-------- AVAILABLE RECORDS --------
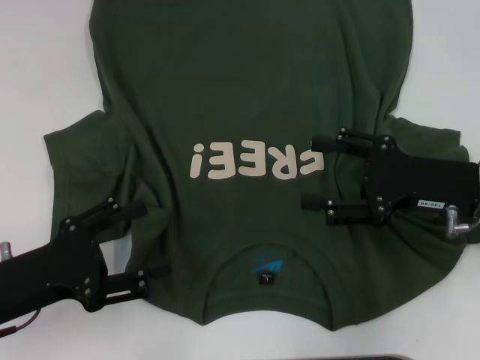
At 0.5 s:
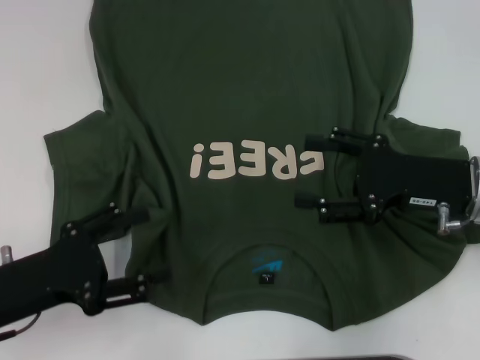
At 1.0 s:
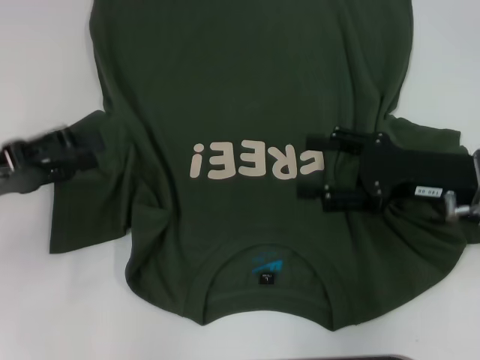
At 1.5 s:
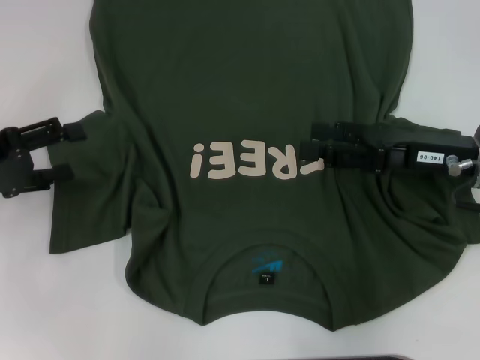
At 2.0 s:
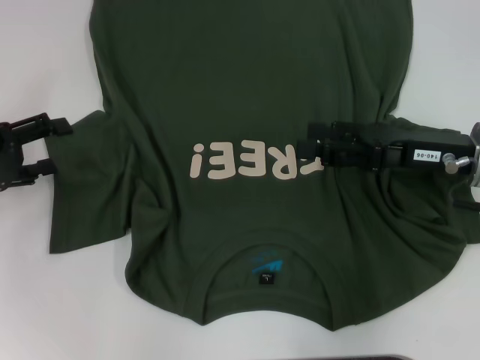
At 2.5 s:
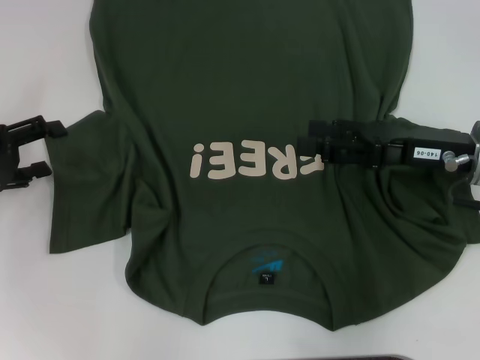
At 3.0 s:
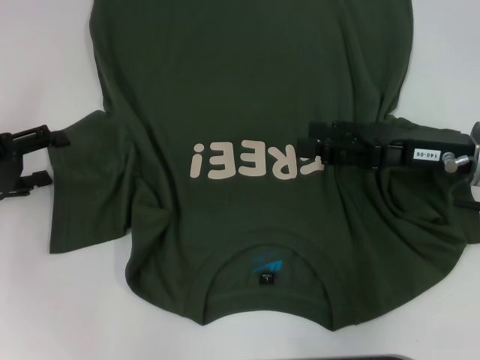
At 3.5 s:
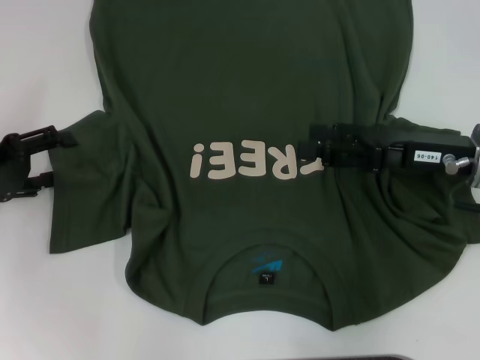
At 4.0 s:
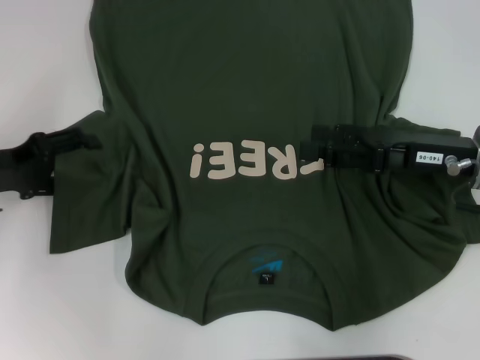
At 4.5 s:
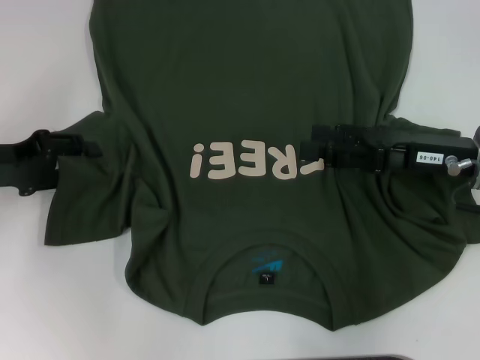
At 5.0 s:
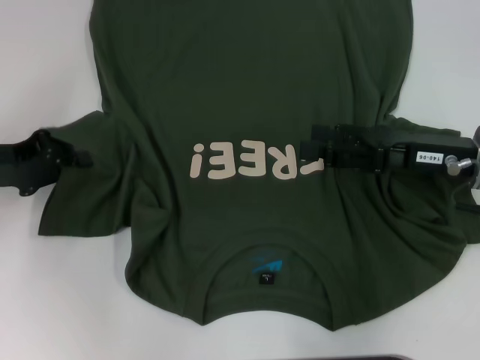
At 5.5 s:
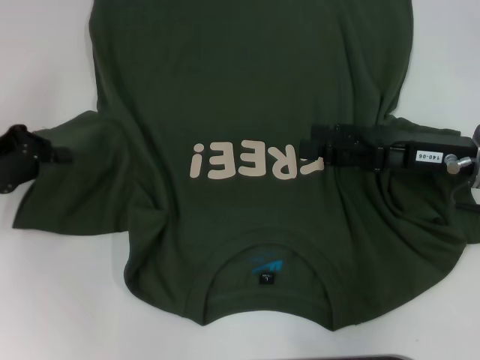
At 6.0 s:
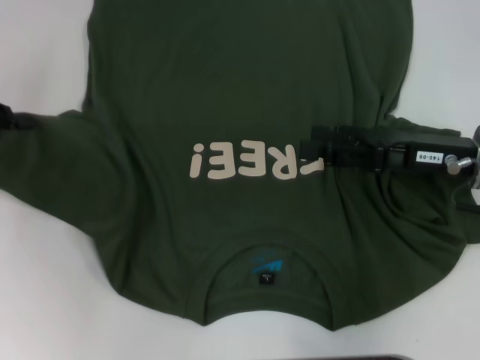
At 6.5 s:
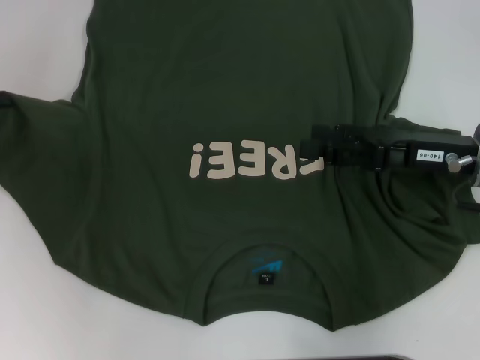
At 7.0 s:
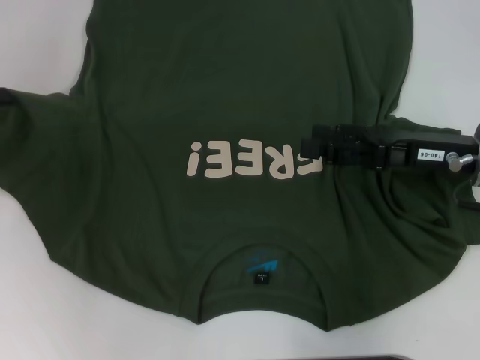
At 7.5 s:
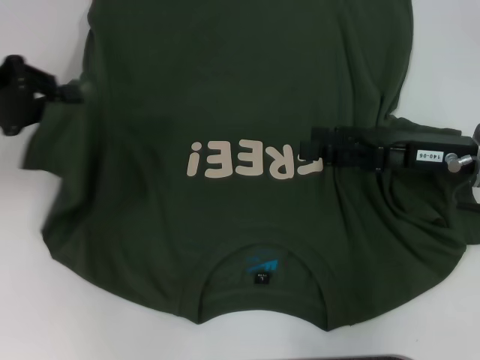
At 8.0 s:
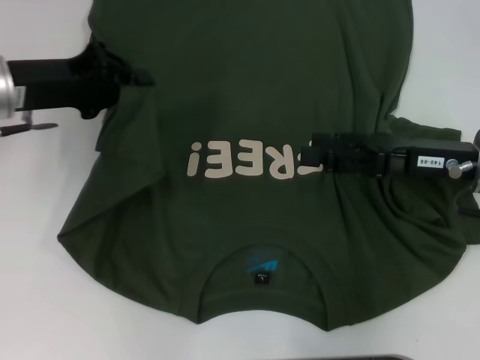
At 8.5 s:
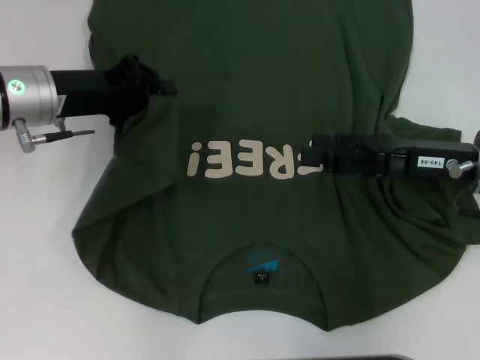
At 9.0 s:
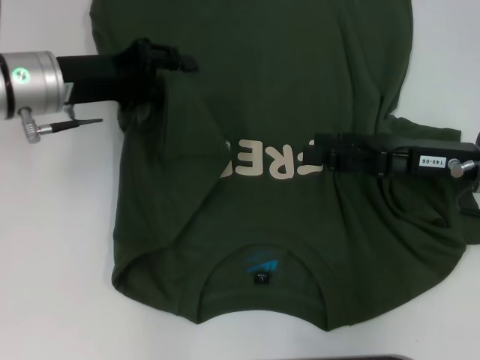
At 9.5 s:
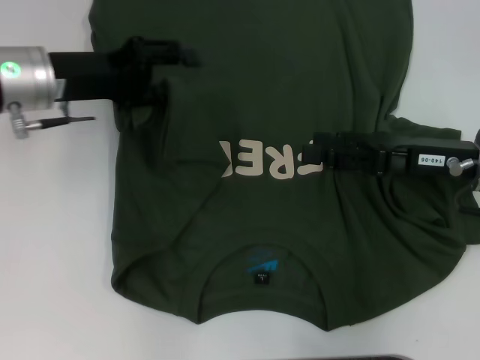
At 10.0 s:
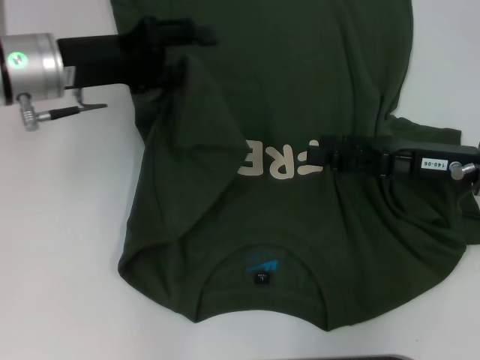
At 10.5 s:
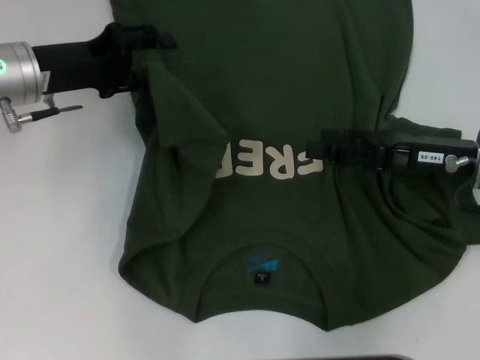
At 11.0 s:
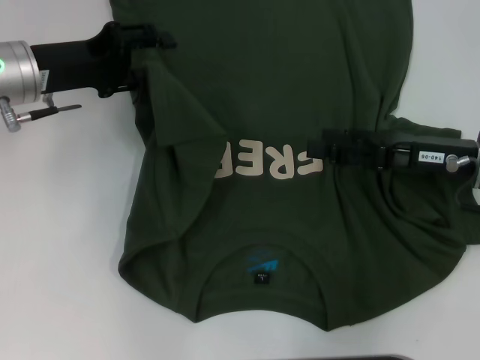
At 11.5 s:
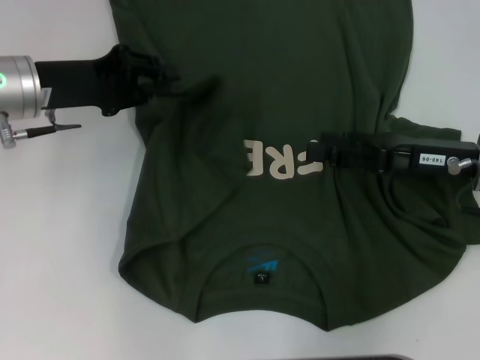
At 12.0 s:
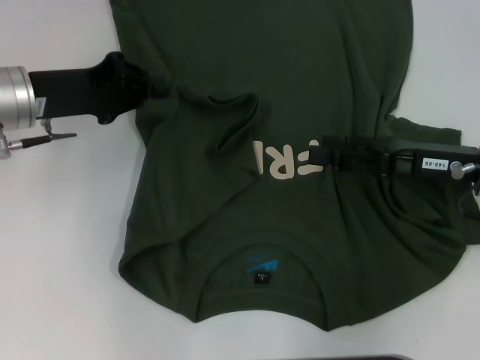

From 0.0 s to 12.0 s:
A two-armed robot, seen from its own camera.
From 0.0 s to 2.0 s: The left gripper travels forward and to the left by some 15 cm.
From 2.0 s to 4.0 s: The grippers stay close to where they were, moving slightly.
From 4.0 s to 6.0 s: The left gripper moves about 5 cm, and closes its fingers.
From 6.0 s to 8.0 s: The left gripper heads to the right, covering approximately 10 cm.
From 8.0 s to 10.0 s: The left gripper opens up.
From 10.0 s to 12.0 s: The left gripper closes.
--------
__WHAT THE EXERCISE ASKS__:
With the pictures omitted, the material is to be transcribed exactly.

__EXPECTED ANSWER__:
At 0.5 s:
At 1.0 s:
At 1.5 s:
At 2.0 s:
At 2.5 s:
At 3.0 s:
At 3.5 s:
At 4.0 s:
At 4.5 s:
At 5.0 s:
At 5.5 s:
At 6.0 s:
At 6.5 s:
At 7.0 s:
At 7.5 s:
At 8.0 s:
At 8.5 s:
At 9.0 s:
At 9.5 s:
At 10.0 s:
At 10.5 s:
At 11.0 s:
At 11.5 s:
At 12.0 s:

From 0.0 s to 12.0 s:
A two-armed robot, seen from its own camera.
From 0.0 s to 2.0 s: The left gripper travels forward and to the left by some 15 cm.
From 2.0 s to 4.0 s: The grippers stay close to where they were, moving slightly.
From 4.0 s to 6.0 s: The left gripper moves about 5 cm, and closes its fingers.
From 6.0 s to 8.0 s: The left gripper heads to the right, covering approximately 10 cm.
From 8.0 s to 10.0 s: The left gripper opens up.
From 10.0 s to 12.0 s: The left gripper closes.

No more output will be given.